An eigenbasis of \(\mathbb F^n\) for a matrix \(A\) is a basis of \(\mathbb F^n\) consisting entirely of eigenvectors of \(A\).

NoteTheorem 7.1: Diagonalization theorem

Let \(A\in \mathbb F^{n\times n}\). Then \(A\) is diagonalizable over \(\mathbb F\) if and only if \(\mathbb F^n\) has a basis consisting of eigenvectors of \(A\).

More explicitly, if

\[ A\mathbf{v}_i=\lambda_i\mathbf{v}_i, \qquad i=1,\ldots,n, \]

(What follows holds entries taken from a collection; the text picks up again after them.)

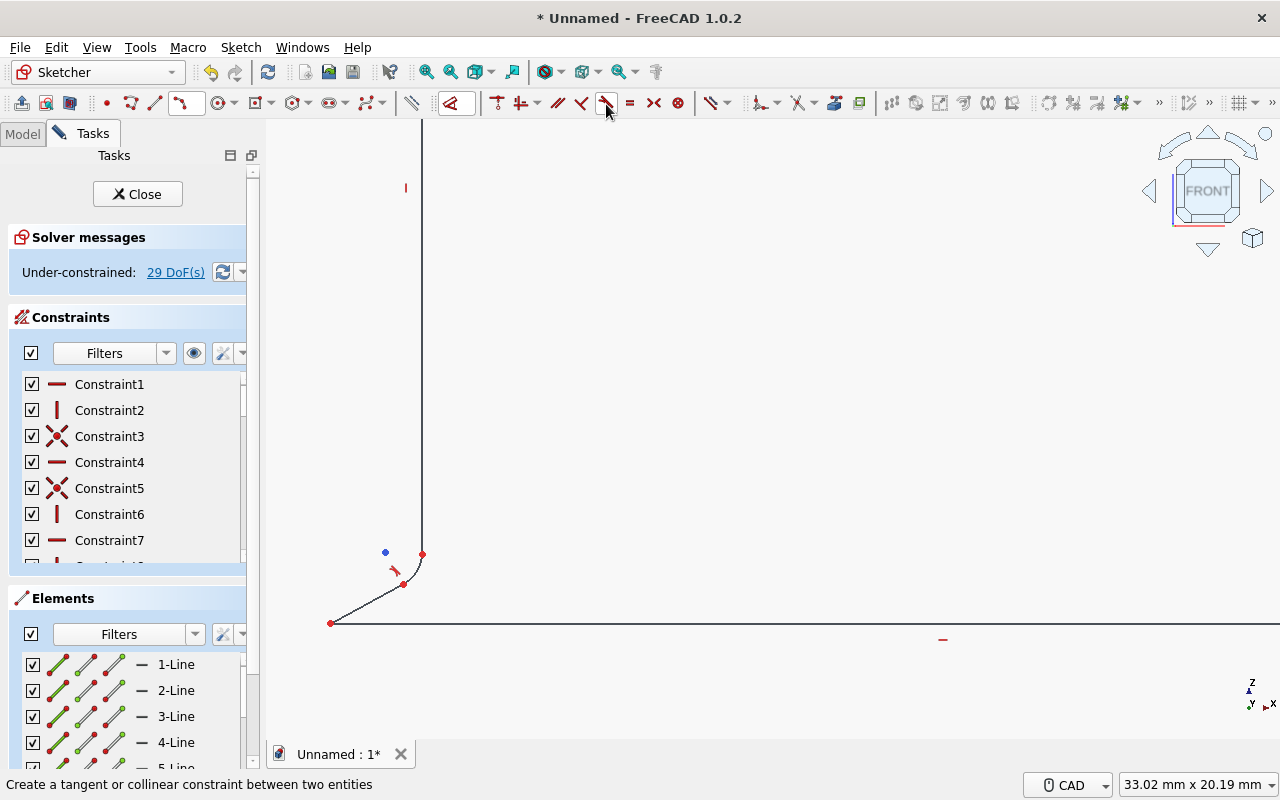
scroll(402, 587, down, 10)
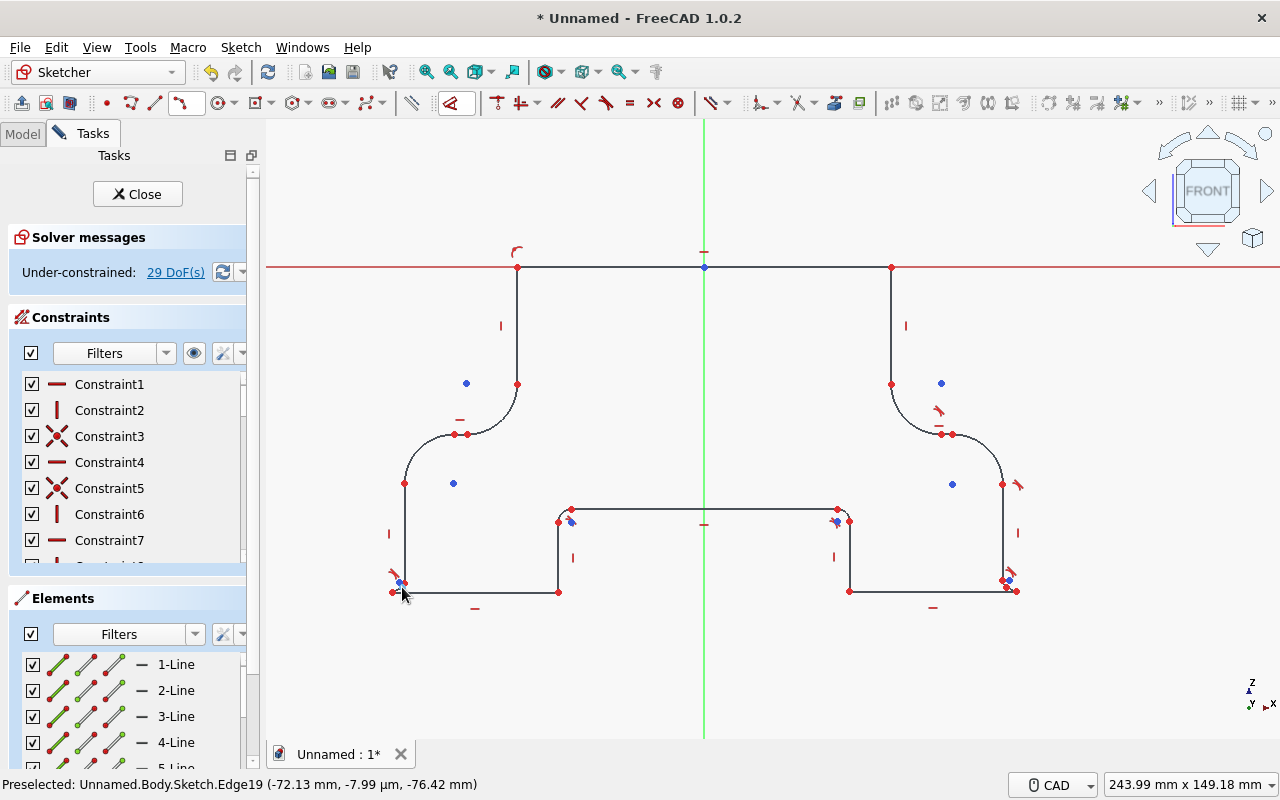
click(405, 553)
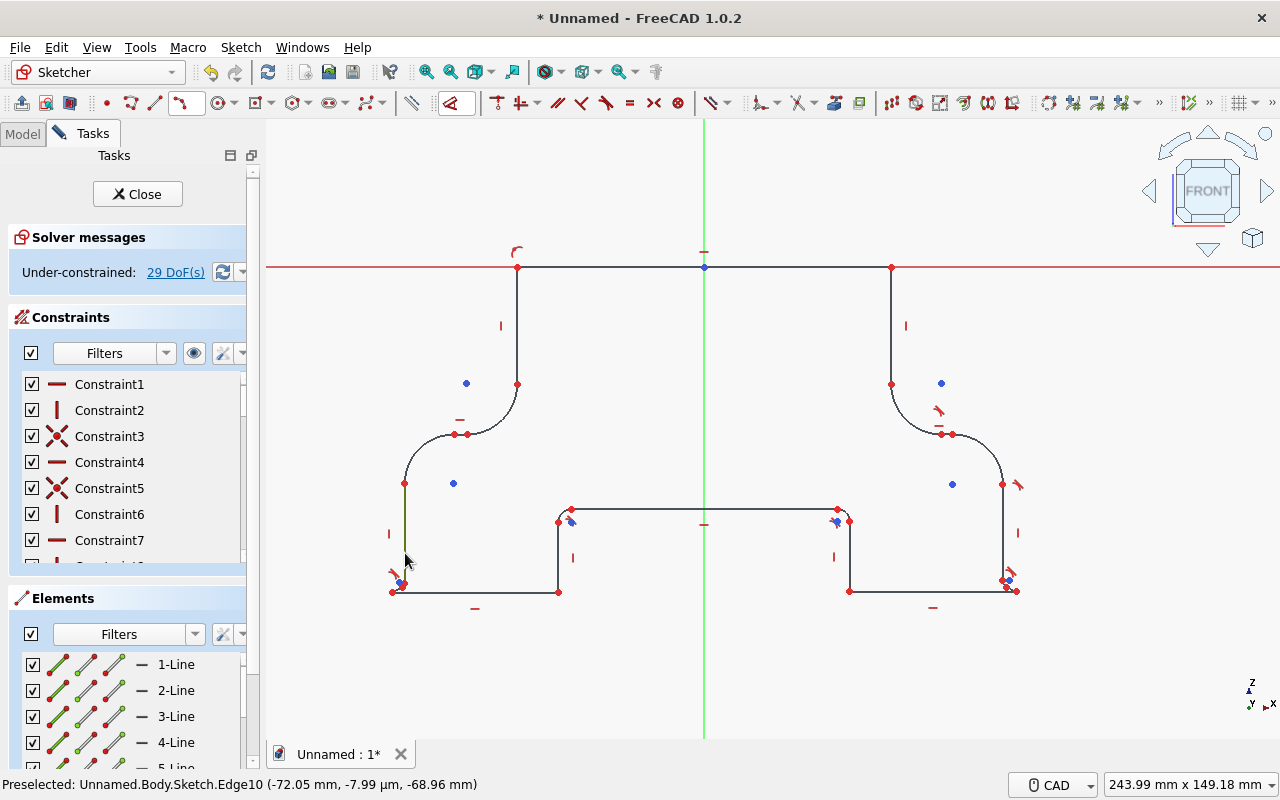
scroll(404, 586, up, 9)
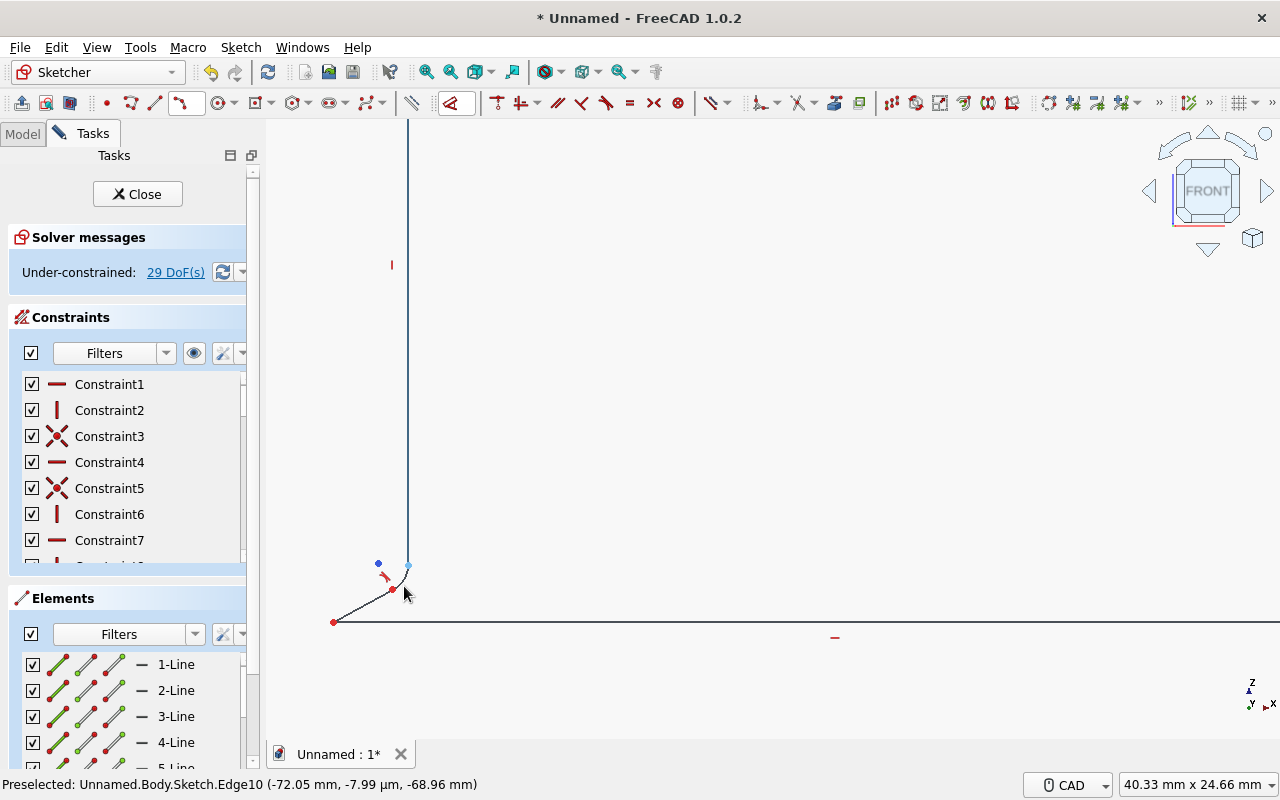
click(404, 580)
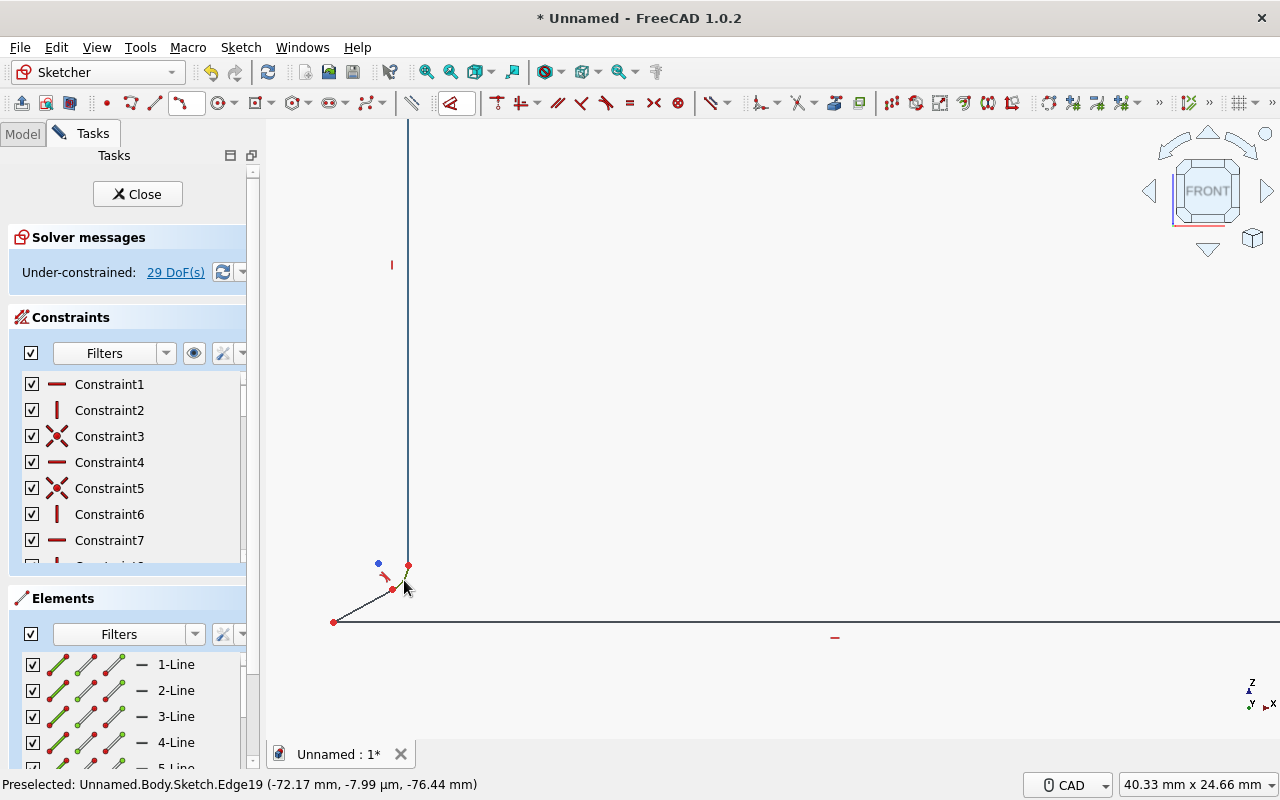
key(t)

and \(\mathbf{v}_1,\ldots,\mathbf{v}_n\) are linearly independent, then

\[ P=[\mathbf{v}_1\ \cdots\ \mathbf{v}_n], \qquad D=\operatorname{diag}(\lambda_1,\ldots,\lambda_n), \]

and

\[ A=PDP^{-1}. \]

Proof of Theorem 7.1

Suppose \(A\) has a basis of eigenvectors \(\mathbf{v}_1,\ldots,\mathbf{v}_n\) with

\[ A\mathbf{v}_i=\lambda_i\mathbf{v}_i. \]

Let

\[ P=[\mathbf{v}_1\ \cdots\ \mathbf{v}_n], \qquad D=\operatorname{diag}(\lambda_1,\ldots,\lambda_n). \]

Since the vectors form a basis, \(P\) is invertible. Also,

\[ AP=[A\mathbf{v}_1\ \cdots\ A\mathbf{v}_n] =[\lambda_1\mathbf{v}_1\ \cdots\ \lambda_n\mathbf{v}_n] =PD. \]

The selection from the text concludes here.